Except for every turn, she would do scissors, and then would chop up our scissors, papers and rocks with her pudgy toddler fingers, all while merrily chirping “cut, cut, cut.”

Her scissors trumped all else, and it didn’t matter how often we corrected her. Just merrily: “cut, cut, cut” as tiny fingers gouged tenderly at ours until we acquiesced.

And of course we did acquiesce. Toddler Mermaid Daughter #2’s CUT CUT CUT was the winning move, the one that trumped all else, the one that made us all giggle uncontrollably.

She had strawberry blonde hair that curled at the ends, almond-shaped eyes, wrists that were fat with deliciousness. We were helpless in the storm of her gladness. We still are.

My eldest daughter was six, and would coo as though she was witnessing the most adorable creature on earth: “Oh Mum, she’s just SO CUTE. I love her the MOST. I love you and Daddy, but I love Beffy the MOST.”

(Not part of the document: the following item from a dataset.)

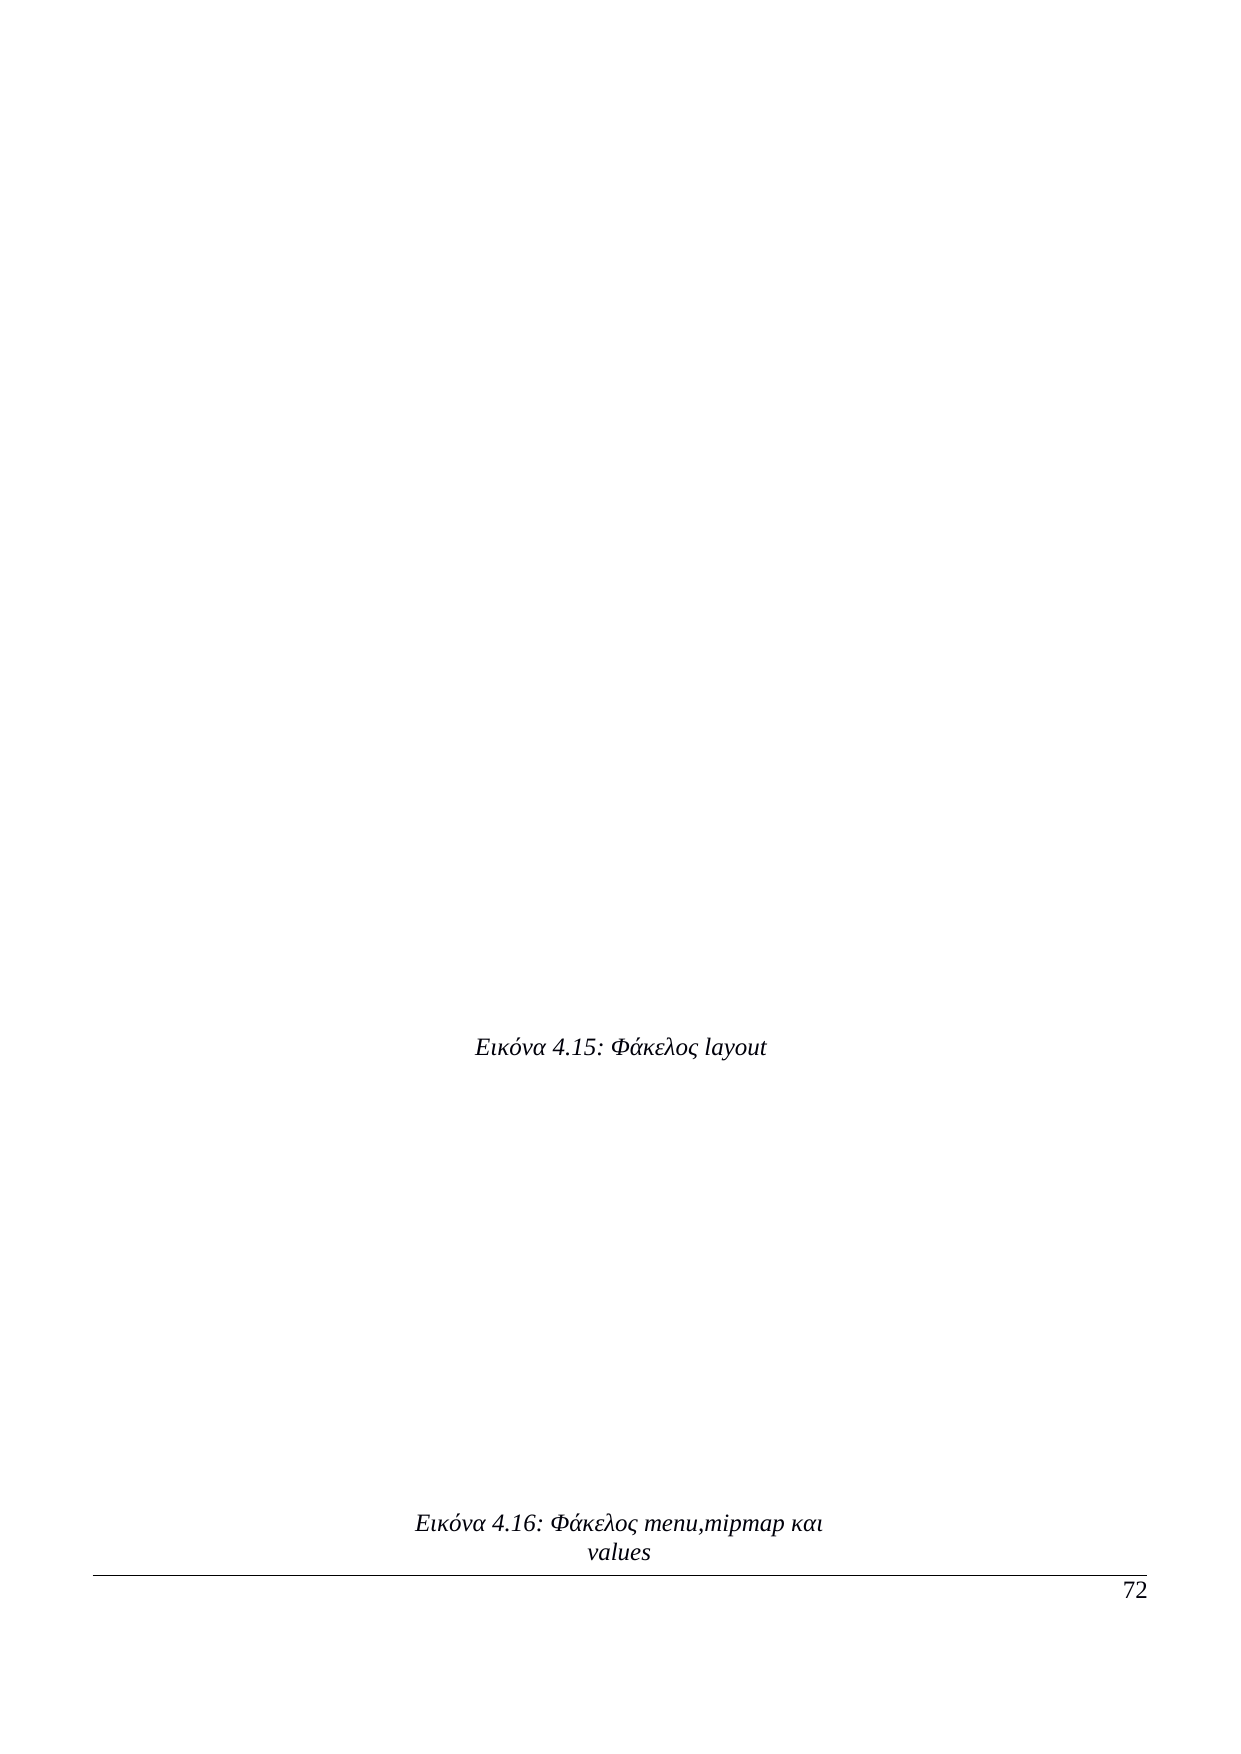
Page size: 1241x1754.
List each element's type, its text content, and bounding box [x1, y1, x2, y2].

She is seven now, and her hair has straightened, her wrists have thinned, her legs tripled upon themselves. And now, when we play Rock, Paper, Scissors, we all clamour to play the winning move: just CUT CUT CUT, relentlessly, joyfully, tenderly, despite all the rules.

Because that’s what she taught us all to do, five years ago. That’s what she teaches us now.